Dr Sarah Wise, Associate Professor at the Bartlett Centre for Advanced Spatial Analysis (CASA), is leading a new research project exploring how the NHS Blood and Transplant service (NHSBT) could be affected by climate-related disruption, including heatwaves and flooding.
The project, Strengthening healthcare resilience to climate extremes: a spatial modelling framework, is one of seven projects funded through the National Institute for Health and Care Research (NIHR) Climate Change and Health Development Awards, which distributed around £700,000 in January 2026.
The research team includes Dr Dimitra Salmanidou and Emily Dubrovska (UCL Advanced Research Computing Centre), Dr Nicola Moretti (the Bartlett School of Sustainable Construction) and Tom Cowdrey, Head of Business Continuity at NHSBT.

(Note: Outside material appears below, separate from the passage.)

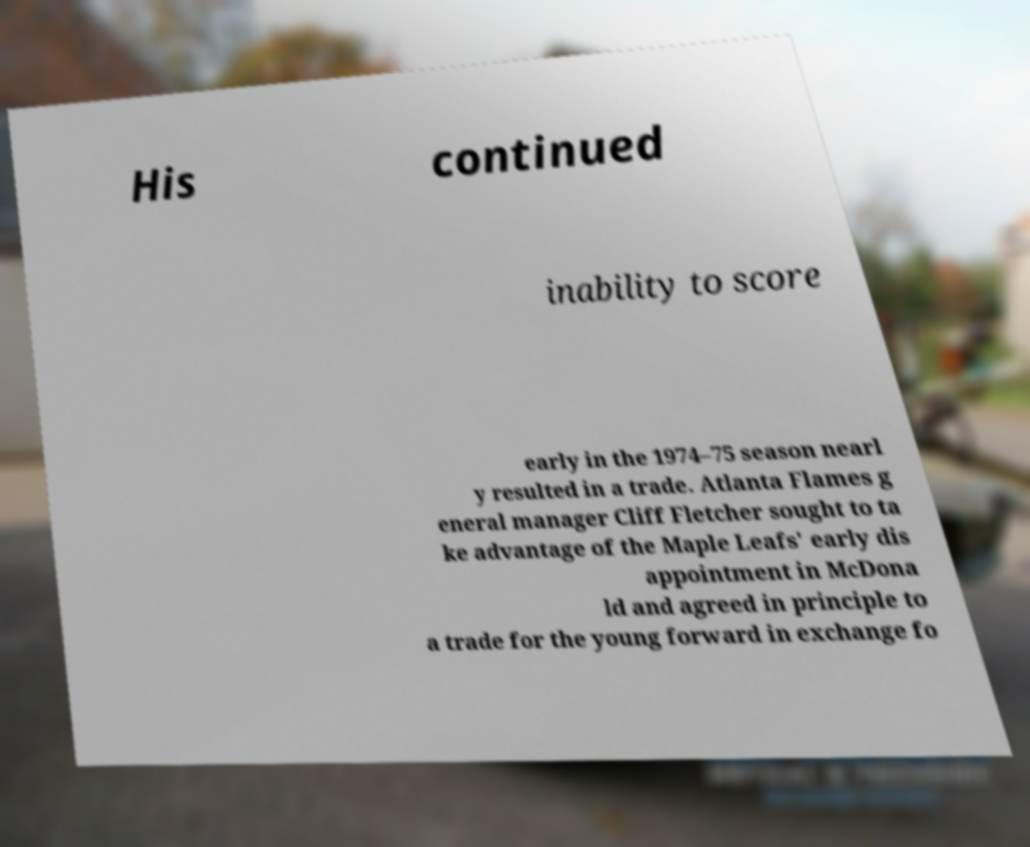Can you read and provide the text displayed in the image?This photo seems to have some interesting text. Can you extract and type it out for me? His continued inability to score early in the 1974–75 season nearl y resulted in a trade. Atlanta Flames g eneral manager Cliff Fletcher sought to ta ke advantage of the Maple Leafs' early dis appointment in McDona ld and agreed in principle to a trade for the young forward in exchange fo

Modelling the blood supply under pressure
The blood service is a complex, spatially distributed network with many interlinking parts. It involves transporting, processing and storing temperature-sensitive human biological material, while relying entirely on volunteer donors to meet the blood type-specific needs of patients, whether for acute or long-term conditions. Issues with transport or thermal control can disrupt this finely coordinated system rapidly.
Extreme weather events such as heatwaves and flooding add significant pressure. The team will develop an agent-based model to map how different parts of the network interact and where the system is most vulnerable to climate-related disruption. The aim is to create a digital tool to help NHSBT plan for emergencies and ensure patients receive blood when they need it.
The research will explore a range of questions: whether processing centres should be prioritised across a wider geographical area; whether specific patient groups are likely to be disproportionately affected; and whether cooling chain infrastructure should be hardened or whether more agile load balancing approaches would be more effective. The goal is to identify where the system is likely to experience pressure and how that risk could be proactively mitigated.